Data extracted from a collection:
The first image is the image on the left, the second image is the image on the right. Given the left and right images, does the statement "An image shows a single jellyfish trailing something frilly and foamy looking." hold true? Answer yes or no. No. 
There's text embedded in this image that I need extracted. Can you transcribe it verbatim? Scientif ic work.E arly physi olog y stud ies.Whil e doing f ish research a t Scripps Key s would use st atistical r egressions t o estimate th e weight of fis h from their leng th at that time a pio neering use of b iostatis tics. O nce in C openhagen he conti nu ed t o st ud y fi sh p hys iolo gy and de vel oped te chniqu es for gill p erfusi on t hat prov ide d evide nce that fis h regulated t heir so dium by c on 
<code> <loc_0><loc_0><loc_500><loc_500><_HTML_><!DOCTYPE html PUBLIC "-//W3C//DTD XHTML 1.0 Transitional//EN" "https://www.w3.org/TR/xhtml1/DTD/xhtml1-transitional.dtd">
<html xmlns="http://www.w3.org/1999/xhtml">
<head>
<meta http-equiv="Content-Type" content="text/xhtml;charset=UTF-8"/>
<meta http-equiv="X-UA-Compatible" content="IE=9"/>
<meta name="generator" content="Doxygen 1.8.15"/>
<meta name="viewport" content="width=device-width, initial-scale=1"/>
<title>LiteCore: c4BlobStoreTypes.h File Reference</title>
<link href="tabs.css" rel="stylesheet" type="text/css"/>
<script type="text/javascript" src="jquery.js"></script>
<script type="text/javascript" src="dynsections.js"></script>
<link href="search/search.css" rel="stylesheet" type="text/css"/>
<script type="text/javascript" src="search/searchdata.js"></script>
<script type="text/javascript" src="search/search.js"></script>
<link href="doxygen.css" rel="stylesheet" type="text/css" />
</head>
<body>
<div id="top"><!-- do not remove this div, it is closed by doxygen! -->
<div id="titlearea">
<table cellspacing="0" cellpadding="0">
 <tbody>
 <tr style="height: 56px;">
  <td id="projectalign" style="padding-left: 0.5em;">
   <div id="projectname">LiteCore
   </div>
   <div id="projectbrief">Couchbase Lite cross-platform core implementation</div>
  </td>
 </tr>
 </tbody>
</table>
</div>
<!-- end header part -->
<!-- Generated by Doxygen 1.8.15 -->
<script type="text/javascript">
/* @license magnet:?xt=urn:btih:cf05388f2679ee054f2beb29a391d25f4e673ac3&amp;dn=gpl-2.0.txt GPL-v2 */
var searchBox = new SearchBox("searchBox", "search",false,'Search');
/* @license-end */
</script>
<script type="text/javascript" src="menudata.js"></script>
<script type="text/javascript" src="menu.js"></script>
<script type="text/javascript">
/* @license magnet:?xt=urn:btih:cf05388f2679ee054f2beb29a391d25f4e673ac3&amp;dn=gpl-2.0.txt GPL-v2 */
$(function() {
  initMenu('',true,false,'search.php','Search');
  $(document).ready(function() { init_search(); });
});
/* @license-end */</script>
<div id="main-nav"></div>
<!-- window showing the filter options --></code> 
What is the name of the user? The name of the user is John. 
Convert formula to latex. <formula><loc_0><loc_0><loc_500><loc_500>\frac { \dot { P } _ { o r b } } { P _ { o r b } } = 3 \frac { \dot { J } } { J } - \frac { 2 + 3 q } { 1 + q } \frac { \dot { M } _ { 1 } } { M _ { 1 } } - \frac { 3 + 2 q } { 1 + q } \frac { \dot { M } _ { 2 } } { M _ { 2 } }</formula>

→ What you need to do: Give every entry again in full, precisely as written above.

→ Answer for this exercise:
The first image is the image on the left, the second image is the image on the right. Given the left and right images, does the statement "An image shows a single jellyfish trailing something frilly and foamy looking." hold true? Answer yes or no. No. 
There's text embedded in this image that I need extracted. Can you transcribe it verbatim? Scientif ic work.E arly physi olog y stud ies.Whil e doing f ish research a t Scripps Key s would use st atistical r egressions t o estimate th e weight of fis h from their leng th at that time a pio neering use of b iostatis tics. O nce in C openhagen he conti nu ed t o st ud y fi sh p hys iolo gy and de vel oped te chniqu es for gill p erfusi on t hat prov ide d evide nce that fis h regulated t heir so dium by c on 
<code> <loc_0><loc_0><loc_500><loc_500><_HTML_><!DOCTYPE html PUBLIC "-//W3C//DTD XHTML 1.0 Transitional//EN" "https://www.w3.org/TR/xhtml1/DTD/xhtml1-transitional.dtd">
<html xmlns="http://www.w3.org/1999/xhtml">
<head>
<meta http-equiv="Content-Type" content="text/xhtml;charset=UTF-8"/>
<meta http-equiv="X-UA-Compatible" content="IE=9"/>
<meta name="generator" content="Doxygen 1.8.15"/>
<meta name="viewport" content="width=device-width, initial-scale=1"/>
<title>LiteCore: c4BlobStoreTypes.h File Reference</title>
<link href="tabs.css" rel="stylesheet" type="text/css"/>
<script type="text/javascript" src="jquery.js"></script>
<script type="text/javascript" src="dynsections.js"></script>
<link href="search/search.css" rel="stylesheet" type="text/css"/>
<script type="text/javascript" src="search/searchdata.js"></script>
<script type="text/javascript" src="search/search.js"></script>
<link href="doxygen.css" rel="stylesheet" type="text/css" />
</head>
<body>
<div id="top"><!-- do not remove this div, it is closed by doxygen! -->
<div id="titlearea">
<table cellspacing="0" cellpadding="0">
 <tbody>
 <tr style="height: 56px;">
  <td id="projectalign" style="padding-left: 0.5em;">
   <div id="projectname">LiteCore
   </div>
   <div id="projectbrief">Couchbase Lite cross-platform core implementation</div>
  </td>
 </tr>
 </tbody>
</table>
</div>
<!-- end header part -->
<!-- Generated by Doxygen 1.8.15 -->
<script type="text/javascript">
/* @license magnet:?xt=urn:btih:cf05388f2679ee054f2beb29a391d25f4e673ac3&amp;dn=gpl-2.0.txt GPL-v2 */
var searchBox = new SearchBox("searchBox", "search",false,'Search');
/* @license-end */
</script>
<script type="text/javascript" src="menudata.js"></script>
<script type="text/javascript" src="menu.js"></script>
<script type="text/javascript">
/* @license magnet:?xt=urn:btih:cf05388f2679ee054f2beb29a391d25f4e673ac3&amp;dn=gpl-2.0.txt GPL-v2 */
$(function() {
  initMenu('',true,false,'search.php','Search');
  $(document).ready(function() { init_search(); });
});
/* @license-end */</script>
<div id="main-nav"></div>
<!-- window showing the filter options --></code> 
What is the name of the user? The name of the user is John. 
Convert formula to latex. <formula><loc_0><loc_0><loc_500><loc_500>\frac { \dot { P } _ { o r b } } { P _ { o r b } } = 3 \frac { \dot { J } } { J } - \frac { 2 + 3 q } { 1 + q } \frac { \dot { M } _ { 1 } } { M _ { 1 } } - \frac { 3 + 2 q } { 1 + q } \frac { \dot { M } _ { 2 } } { M _ { 2 } }</formula>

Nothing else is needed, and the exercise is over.